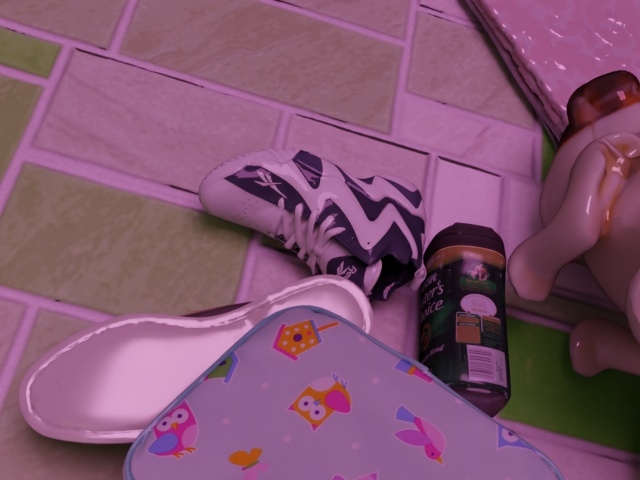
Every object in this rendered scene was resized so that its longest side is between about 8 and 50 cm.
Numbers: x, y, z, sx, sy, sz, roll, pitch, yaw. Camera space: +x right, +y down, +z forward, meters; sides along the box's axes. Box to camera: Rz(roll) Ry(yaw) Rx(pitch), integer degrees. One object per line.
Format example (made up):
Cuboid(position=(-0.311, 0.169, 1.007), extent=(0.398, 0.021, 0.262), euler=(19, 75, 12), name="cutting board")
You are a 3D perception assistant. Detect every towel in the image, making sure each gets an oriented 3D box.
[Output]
Cuboid(position=(0.374, -0.257, 1.184), extent=(0.317, 0.053, 0.332), euler=(-15, 65, -23), name="towel")

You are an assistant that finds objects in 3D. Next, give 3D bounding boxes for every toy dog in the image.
Cuboid(position=(0.356, -0.035, 0.861), extent=(0.284, 0.408, 0.395), euler=(35, 96, -20), name="toy dog")

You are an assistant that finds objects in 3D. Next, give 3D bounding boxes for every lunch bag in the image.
Cuboid(position=(0.008, 0.187, 0.638), extent=(0.279, 0.108, 0.224), euler=(31, 62, 30), name="lunch bag")

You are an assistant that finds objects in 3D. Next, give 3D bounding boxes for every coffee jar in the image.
Cuboid(position=(0.138, 0.078, 0.883), extent=(0.079, 0.096, 0.184), euler=(10, 57, -7), name="coffee jar")

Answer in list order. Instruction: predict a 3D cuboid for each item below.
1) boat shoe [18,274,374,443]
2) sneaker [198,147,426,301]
Cuboid(position=(-0.103, 0.111, 0.793), extent=(0.305, 0.091, 0.109), euler=(-14, 74, -17), name="boat shoe")
Cuboid(position=(0.000, 0.000, 0.880), extent=(0.235, 0.094, 0.153), euler=(13, 41, -21), name="sneaker")
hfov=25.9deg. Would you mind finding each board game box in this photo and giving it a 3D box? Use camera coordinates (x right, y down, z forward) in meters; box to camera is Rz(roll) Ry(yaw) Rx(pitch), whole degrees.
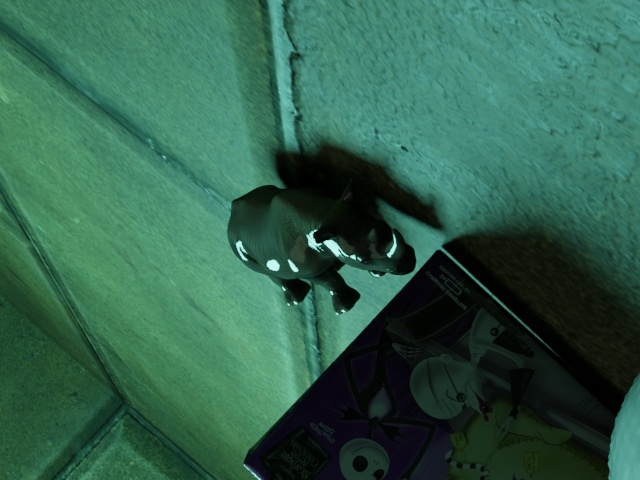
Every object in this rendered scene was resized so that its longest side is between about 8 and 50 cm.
[{"bbox_3d":[0.141,0.198,0.986,0.347,0.208,0.056,42,-171,-1],"label":"board game box"}]

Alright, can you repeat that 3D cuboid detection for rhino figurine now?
[{"bbox_3d":[0.000,0.000,1.057,0.106,0.073,0.243,44,163,-17],"label":"rhino figurine"}]

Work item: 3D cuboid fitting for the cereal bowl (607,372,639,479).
[{"bbox_3d":[0.290,0.196,0.752,0.339,0.141,0.339,39,163,14],"label":"cereal bowl"}]
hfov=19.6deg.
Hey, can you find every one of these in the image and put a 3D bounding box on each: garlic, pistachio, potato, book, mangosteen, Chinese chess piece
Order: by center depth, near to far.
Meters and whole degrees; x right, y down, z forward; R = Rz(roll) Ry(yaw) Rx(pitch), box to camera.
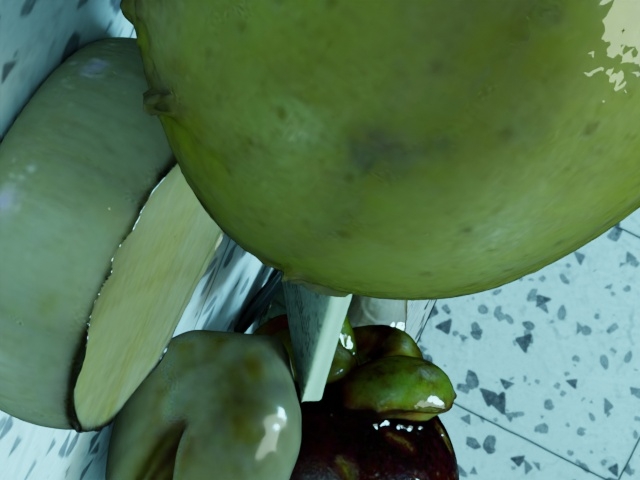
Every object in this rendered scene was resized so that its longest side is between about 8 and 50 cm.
[{"bbox_3d":[0.042,-0.143,1.036,0.319,0.385,0.442,-57,171,27],"label":"potato"},{"bbox_3d":[-0.139,-0.003,1.180,0.257,0.104,0.257,-60,171,-17],"label":"Chinese chess piece"},{"bbox_3d":[0.010,-0.075,1.608,0.379,0.031,0.264,105,-19,-45],"label":"book"},{"bbox_3d":[-0.102,0.195,1.689,0.197,0.166,0.288,-37,152,-42],"label":"pistachio"},{"bbox_3d":[0.000,0.215,1.911,0.307,0.307,0.347,-31,136,-73],"label":"mangosteen"},{"bbox_3d":[0.049,0.125,2.090,0.101,0.087,0.195,-64,171,-48],"label":"garlic"}]

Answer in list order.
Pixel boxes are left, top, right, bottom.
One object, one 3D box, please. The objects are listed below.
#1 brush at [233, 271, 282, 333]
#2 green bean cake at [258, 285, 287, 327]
[{"bbox_3d":[-0.032,0.025,2.001,0.193,0.016,0.063,-51,175,2],"label":"brush"},{"bbox_3d":[0.000,0.067,2.139,0.185,0.094,0.183,-54,167,-44],"label":"green bean cake"}]
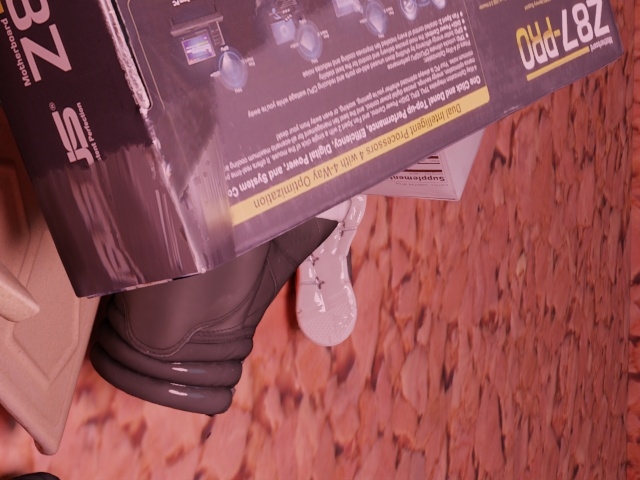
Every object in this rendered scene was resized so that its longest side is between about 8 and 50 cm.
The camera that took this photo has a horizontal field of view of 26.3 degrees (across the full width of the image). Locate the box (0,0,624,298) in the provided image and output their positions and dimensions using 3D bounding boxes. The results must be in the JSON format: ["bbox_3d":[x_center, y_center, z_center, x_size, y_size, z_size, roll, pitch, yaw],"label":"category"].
[{"bbox_3d":[-0.009,-0.188,0.686,0.395,0.097,0.318,-29,102,-47],"label":"box"}]

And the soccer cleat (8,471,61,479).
[{"bbox_3d":[-0.162,0.171,0.661,0.179,0.072,0.060,-43,134,-58],"label":"soccer cleat"}]

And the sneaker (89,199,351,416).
[{"bbox_3d":[-0.064,0.022,0.855,0.296,0.104,0.147,-26,137,-76],"label":"sneaker"}]

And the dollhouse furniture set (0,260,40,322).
[{"bbox_3d":[-0.239,0.020,0.279,0.262,0.135,0.259,-41,151,0],"label":"dollhouse furniture set"}]

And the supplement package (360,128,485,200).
[{"bbox_3d":[0.037,-0.167,0.965,0.203,0.149,0.194,69,35,-46],"label":"supplement package"}]

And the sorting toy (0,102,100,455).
[{"bbox_3d":[-0.146,-0.019,0.673,0.208,0.038,0.193,77,21,-58],"label":"sorting toy"}]

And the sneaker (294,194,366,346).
[{"bbox_3d":[0.000,0.000,1.064,0.065,0.061,0.158,-130,-136,-83],"label":"sneaker"}]
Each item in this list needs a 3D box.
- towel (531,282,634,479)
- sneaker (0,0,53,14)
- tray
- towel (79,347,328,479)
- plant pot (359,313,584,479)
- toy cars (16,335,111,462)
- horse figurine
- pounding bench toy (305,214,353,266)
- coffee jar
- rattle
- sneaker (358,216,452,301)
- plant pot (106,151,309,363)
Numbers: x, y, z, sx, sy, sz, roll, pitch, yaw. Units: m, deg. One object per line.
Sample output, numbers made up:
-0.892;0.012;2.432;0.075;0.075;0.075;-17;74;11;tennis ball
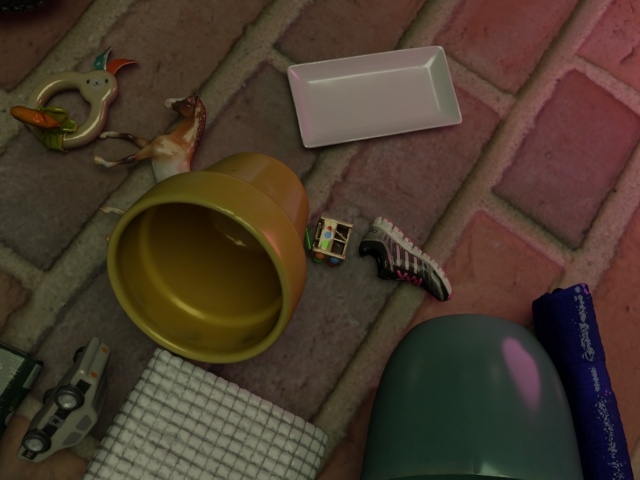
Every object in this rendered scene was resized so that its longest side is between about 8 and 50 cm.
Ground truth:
0.368;0.222;1.156;0.076;0.227;0.308;-12;78;8;towel
-0.568;-0.393;1.236;0.344;0.134;0.146;-20;55;-9;sneaker
0.088;-0.234;1.323;0.271;0.030;0.145;-10;77;-10;tray
-0.159;0.314;1.098;0.284;0.121;0.235;26;68;-3;towel
0.205;0.241;1.100;0.293;0.293;0.235;10;60;-6;plant pot
-0.373;0.314;1.057;0.087;0.176;0.393;33;74;-16;toy cars
-0.249;-0.088;1.222;0.175;0.066;0.263;-7;75;-4;horse figurine
0.000;0.000;1.241;0.083;0.052;0.065;16;75;-4;pounding bench toy
-0.465;0.231;1.104;0.096;0.079;0.184;26;73;-5;coffee jar
-0.369;-0.239;1.207;0.200;0.142;0.130;-43;63;-8;rattle
0.126;0.043;1.244;0.170;0.063;0.075;43;74;9;sneaker
-0.127;-0.002;1.109;0.254;0.254;0.239;28;34;-1;plant pot
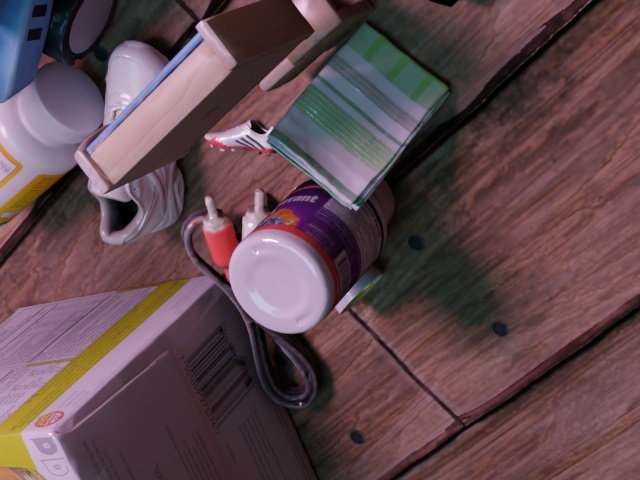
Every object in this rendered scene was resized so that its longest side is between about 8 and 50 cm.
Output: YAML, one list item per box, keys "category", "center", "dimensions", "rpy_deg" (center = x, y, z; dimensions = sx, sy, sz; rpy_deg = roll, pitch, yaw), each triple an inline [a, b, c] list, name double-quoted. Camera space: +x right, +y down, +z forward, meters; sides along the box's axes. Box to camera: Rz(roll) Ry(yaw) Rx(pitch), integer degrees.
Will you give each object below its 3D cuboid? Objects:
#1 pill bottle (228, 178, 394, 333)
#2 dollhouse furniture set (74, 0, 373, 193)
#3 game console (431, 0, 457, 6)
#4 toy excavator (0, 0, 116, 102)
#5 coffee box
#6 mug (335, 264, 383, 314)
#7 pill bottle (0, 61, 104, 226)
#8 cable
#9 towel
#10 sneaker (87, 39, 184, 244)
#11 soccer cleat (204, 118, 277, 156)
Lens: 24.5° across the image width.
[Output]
- category: "pill bottle"
  center: [0.000, 0.000, 1.441]
  dimensions: [0.108, 0.193, 0.108]
  rpy_deg: [13, 122, 22]
- category: "dollhouse furniture set"
  center: [-0.166, -0.246, 1.346]
  dimensions: [0.198, 0.286, 0.303]
  rpy_deg: [-39, 87, 34]
- category: "game console"
  center: [0.139, -0.380, 1.240]
  dimensions: [0.213, 0.044, 0.361]
  rpy_deg: [44, 128, -1]
- category: "toy excavator"
  center: [-0.397, -0.194, 1.382]
  dimensions: [0.222, 0.445, 0.433]
  rpy_deg: [31, 127, 10]
- category: "coffee box"
  center: [-0.253, 0.276, 1.647]
  dimensions: [0.334, 0.338, 0.337]
  rpy_deg: [-11, 111, 33]
- category: "mug"
  center: [0.018, 0.039, 1.542]
  dimensions: [0.064, 0.062, 0.078]
  rpy_deg: [46, 122, 7]
- category: "pill bottle"
  center: [-0.330, -0.106, 1.607]
  dimensions: [0.208, 0.117, 0.117]
  rpy_deg: [-35, 98, 38]
- category: "cable"
  center: [-0.073, 0.068, 1.585]
  dimensions: [0.139, 0.072, 0.287]
  rpy_deg: [-4, 115, 3]
- category: "towel"
  center: [0.037, -0.119, 1.401]
  dimensions: [0.113, 0.023, 0.152]
  rpy_deg: [39, 86, 1]
- category: "sneaker"
  center: [-0.196, -0.093, 1.542]
  dimensions: [0.090, 0.115, 0.232]
  rpy_deg: [13, 123, 22]
- category: "soccer cleat"
  center: [-0.081, -0.110, 1.528]
  dimensions: [0.083, 0.029, 0.035]
  rpy_deg: [10, 113, 20]
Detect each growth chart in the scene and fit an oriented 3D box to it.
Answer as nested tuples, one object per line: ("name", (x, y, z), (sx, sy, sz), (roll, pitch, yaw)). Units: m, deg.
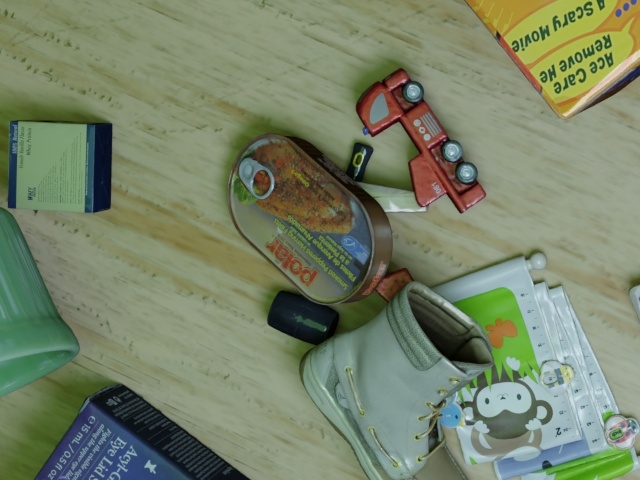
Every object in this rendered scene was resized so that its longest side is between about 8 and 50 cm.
("growth chart", (0.180, 0.131, 1.676), (0.172, 0.021, 0.237), (-29, 88, 13))

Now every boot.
("boot", (0.099, 0.149, 1.626), (0.213, 0.077, 0.165), (50, 131, -3))

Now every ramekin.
("ramekin", (-0.380, 0.081, 1.648), (0.303, 0.303, 0.148), (-23, 82, 12))

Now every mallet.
("mallet", (0.000, 0.000, 1.697), (0.062, 0.039, 0.189), (13, 92, 12))

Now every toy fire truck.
("toy fire truck", (0.072, -0.042, 1.657), (0.135, 0.047, 0.192), (-33, 88, 0))

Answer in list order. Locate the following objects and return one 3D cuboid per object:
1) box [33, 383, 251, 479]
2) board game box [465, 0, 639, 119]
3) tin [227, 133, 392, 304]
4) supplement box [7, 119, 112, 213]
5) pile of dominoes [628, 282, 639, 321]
("box", (-0.159, 0.256, 1.708), (0.207, 0.108, 0.153), (35, 99, 7))
("board game box", (0.239, -0.351, 1.441), (0.356, 0.356, 0.356), (-39, 86, 16))
("tin", (-0.011, -0.019, 1.653), (0.190, 0.040, 0.106), (43, 112, 33))
("supplement box", (-0.242, -0.070, 1.725), (0.083, 0.056, 0.083), (3, 95, 11))
("pile of dominoes", (0.402, 0.126, 1.606), (0.196, 0.040, 0.251), (-22, 96, 15))
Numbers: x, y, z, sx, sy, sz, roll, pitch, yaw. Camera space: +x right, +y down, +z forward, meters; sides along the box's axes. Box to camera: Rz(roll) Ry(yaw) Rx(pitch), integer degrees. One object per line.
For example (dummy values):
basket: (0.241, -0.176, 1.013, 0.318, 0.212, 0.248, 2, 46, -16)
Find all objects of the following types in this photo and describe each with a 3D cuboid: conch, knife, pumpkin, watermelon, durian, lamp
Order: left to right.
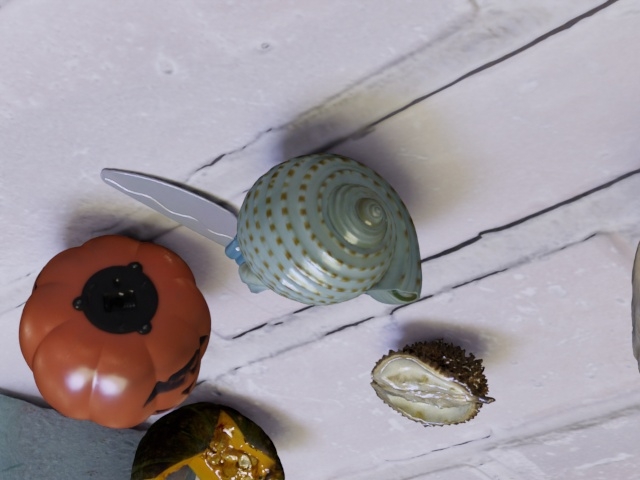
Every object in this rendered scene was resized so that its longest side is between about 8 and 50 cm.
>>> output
watermelon: (-0.251, 0.328, 1.784, 0.258, 0.228, 0.387, -31, 110, 4)
lamp: (-0.201, 0.093, 1.440, 0.188, 0.187, 0.164, 14, 146, -3)
pumpkin: (-0.130, 0.242, 1.692, 0.183, 0.107, 0.119, 14, 145, -32)
knife: (-0.097, -0.012, 1.404, 0.244, 0.032, 0.058, 32, 141, -20)
conch: (0.002, -0.011, 1.286, 0.172, 0.131, 0.200, 2, -177, -34)
durian: (0.124, 0.137, 1.505, 0.140, 0.071, 0.110, 5, 142, 33)

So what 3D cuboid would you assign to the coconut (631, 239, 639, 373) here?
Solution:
coconut: (0.414, 0.062, 1.146, 0.329, 0.328, 0.329, 8, 145, 5)
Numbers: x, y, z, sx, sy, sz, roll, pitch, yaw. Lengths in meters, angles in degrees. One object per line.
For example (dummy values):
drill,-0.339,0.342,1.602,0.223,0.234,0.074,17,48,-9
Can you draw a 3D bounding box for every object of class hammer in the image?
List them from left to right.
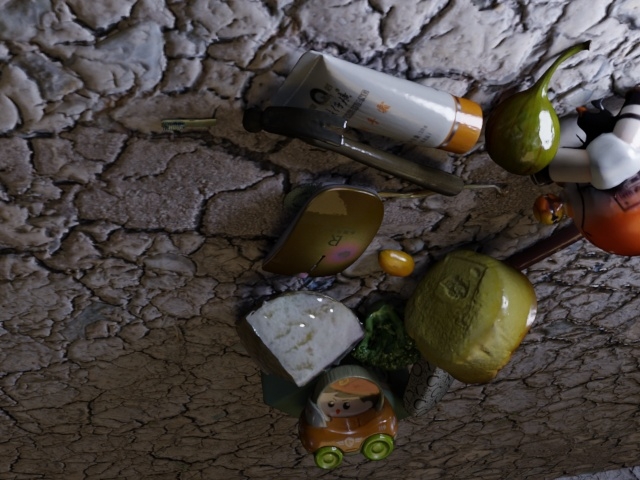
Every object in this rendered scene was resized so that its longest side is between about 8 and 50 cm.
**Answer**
hammer,0.086,-0.137,1.297,0.440,0.044,0.168,14,179,-44

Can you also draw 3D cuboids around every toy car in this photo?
toy car,0.055,0.376,1.797,0.235,0.145,0.235,-4,118,-7

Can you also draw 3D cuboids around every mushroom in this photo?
mushroom,0.217,-0.090,1.472,0.286,0.028,0.026,-1,-172,-15

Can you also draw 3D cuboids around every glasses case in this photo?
glasses case,0.285,0.273,1.891,0.137,0.085,0.355,-20,137,-43

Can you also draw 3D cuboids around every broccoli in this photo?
broccoli,0.152,0.215,1.800,0.195,0.195,0.156,-29,109,25

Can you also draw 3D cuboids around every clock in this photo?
clock,-0.026,-0.075,1.424,0.083,0.010,0.074,-26,145,23

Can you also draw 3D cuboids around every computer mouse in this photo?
computer mouse,0.000,0.000,1.478,0.158,0.072,0.310,8,147,-24

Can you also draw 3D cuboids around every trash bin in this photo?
trash bin,0.044,0.359,1.976,0.223,0.158,0.343,-32,142,28

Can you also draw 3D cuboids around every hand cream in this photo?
hand cream,0.093,-0.209,1.197,0.314,0.089,0.140,12,152,-19

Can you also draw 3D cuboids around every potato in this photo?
potato,-0.065,0.177,1.730,0.189,0.211,0.264,-42,-167,-18

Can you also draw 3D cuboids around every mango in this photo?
mango,0.152,0.043,1.632,0.089,0.046,0.060,33,126,-32

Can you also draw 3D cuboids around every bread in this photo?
bread,0.305,0.152,1.643,0.148,0.270,0.270,26,132,-38

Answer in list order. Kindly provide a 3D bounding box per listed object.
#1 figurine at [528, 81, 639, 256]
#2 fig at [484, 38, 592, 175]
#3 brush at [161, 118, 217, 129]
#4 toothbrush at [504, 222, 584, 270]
figurine,0.534,-0.094,1.400,0.320,0.196,0.323,-34,132,21
fig,0.345,-0.213,1.259,0.124,0.124,0.236,8,123,-28
brush,-0.198,-0.176,1.215,0.083,0.013,0.016,-4,145,-14
toothbrush,0.517,-0.009,1.671,0.364,0.041,0.041,-33,142,30
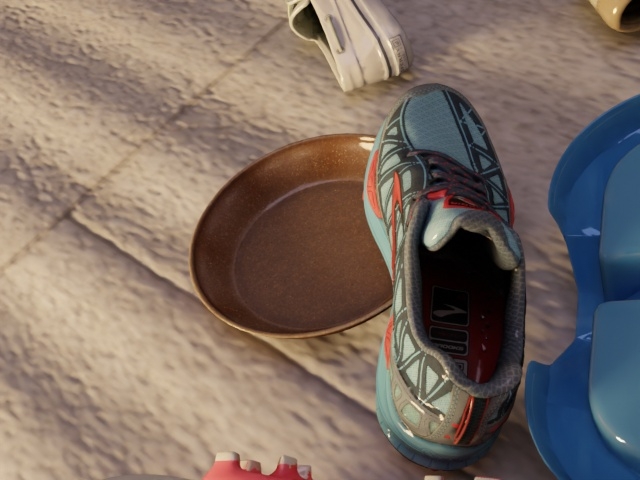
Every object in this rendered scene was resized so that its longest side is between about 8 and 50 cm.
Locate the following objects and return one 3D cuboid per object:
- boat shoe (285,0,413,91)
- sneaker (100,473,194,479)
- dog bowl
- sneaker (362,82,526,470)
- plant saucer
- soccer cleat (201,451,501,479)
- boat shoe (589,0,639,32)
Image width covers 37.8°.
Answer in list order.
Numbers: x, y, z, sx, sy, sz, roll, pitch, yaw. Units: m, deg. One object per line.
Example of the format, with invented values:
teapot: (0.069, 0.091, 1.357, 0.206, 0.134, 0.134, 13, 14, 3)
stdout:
boat shoe: (0.002, -0.221, 0.866, 0.076, 0.083, 0.226, -27, 47, -6)
sneaker: (0.035, 0.228, 0.435, 0.366, 0.150, 0.135, 24, 49, 9)
dog bowl: (0.217, 0.037, 0.540, 0.166, 0.074, 0.297, -7, 50, 30)
sneaker: (0.090, 0.000, 0.574, 0.104, 0.125, 0.261, 2, 62, -8)
plant saucer: (0.000, 0.000, 0.701, 0.199, 0.036, 0.198, -10, 47, 11)
soccer cleat: (0.041, 0.174, 0.511, 0.248, 0.083, 0.095, 2, 73, 19)
boat shoe: (0.361, -0.258, 0.758, 0.302, 0.109, 0.098, -22, 51, 8)
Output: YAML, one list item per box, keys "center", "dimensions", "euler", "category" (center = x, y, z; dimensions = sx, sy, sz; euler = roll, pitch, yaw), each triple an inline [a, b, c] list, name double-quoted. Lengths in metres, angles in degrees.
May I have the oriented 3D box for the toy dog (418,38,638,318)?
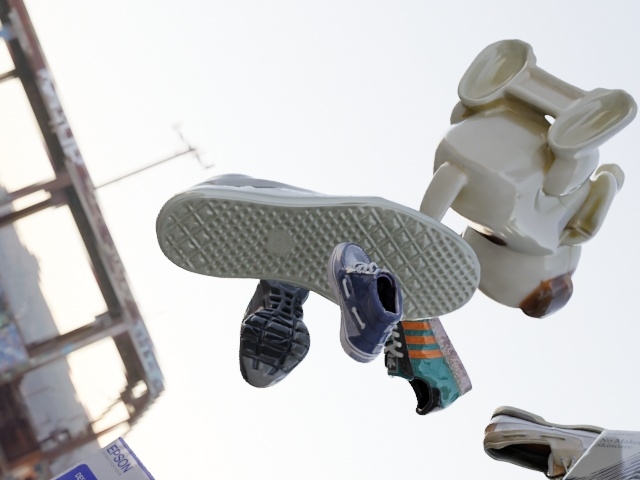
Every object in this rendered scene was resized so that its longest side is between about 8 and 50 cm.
- center: [0.338, -0.050, 2.026]
  dimensions: [0.284, 0.395, 0.408]
  euler: [25, -30, 29]
  category: "toy dog"

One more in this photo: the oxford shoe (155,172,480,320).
- center: [0.000, 0.000, 1.666]
  dimensions: [0.130, 0.449, 0.169]
  euler: [-111, -148, -72]
  category: "oxford shoe"

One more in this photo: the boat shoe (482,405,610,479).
- center: [0.455, 0.407, 2.319]
  dimensions: [0.302, 0.103, 0.113]
  euler: [11, -52, 22]
  category: "boat shoe"

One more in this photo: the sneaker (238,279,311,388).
- center: [-0.069, 0.137, 1.766]
  dimensions: [0.267, 0.101, 0.106]
  euler: [-74, -171, -57]
  category: "sneaker"

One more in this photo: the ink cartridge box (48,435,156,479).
- center: [-0.335, 0.436, 1.651]
  dimensions: [0.303, 0.307, 0.072]
  euler: [36, -32, 52]
  category: "ink cartridge box"

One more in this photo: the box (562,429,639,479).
- center: [0.409, 0.375, 1.755]
  dimensions: [0.113, 0.275, 0.094]
  euler: [-3, -71, 36]
  category: "box"

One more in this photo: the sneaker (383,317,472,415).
- center: [0.160, 0.186, 2.244]
  dimensions: [0.302, 0.121, 0.108]
  euler: [59, -17, -11]
  category: "sneaker"

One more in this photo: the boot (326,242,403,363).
- center: [0.060, 0.052, 1.469]
  dimensions: [0.086, 0.069, 0.190]
  euler: [-56, -151, 35]
  category: "boot"

TASK BRIEF: The answer should be nothing more than the lines from the one with "One more in this photo: the ink" through the end of the entries, restated word for word.

EXERCISE RESPONSE:
One more in this photo: the ink cartridge box (48,435,156,479).
- center: [-0.335, 0.436, 1.651]
  dimensions: [0.303, 0.307, 0.072]
  euler: [36, -32, 52]
  category: "ink cartridge box"

One more in this photo: the box (562,429,639,479).
- center: [0.409, 0.375, 1.755]
  dimensions: [0.113, 0.275, 0.094]
  euler: [-3, -71, 36]
  category: "box"

One more in this photo: the sneaker (383,317,472,415).
- center: [0.160, 0.186, 2.244]
  dimensions: [0.302, 0.121, 0.108]
  euler: [59, -17, -11]
  category: "sneaker"

One more in this photo: the boot (326,242,403,363).
- center: [0.060, 0.052, 1.469]
  dimensions: [0.086, 0.069, 0.190]
  euler: [-56, -151, 35]
  category: "boot"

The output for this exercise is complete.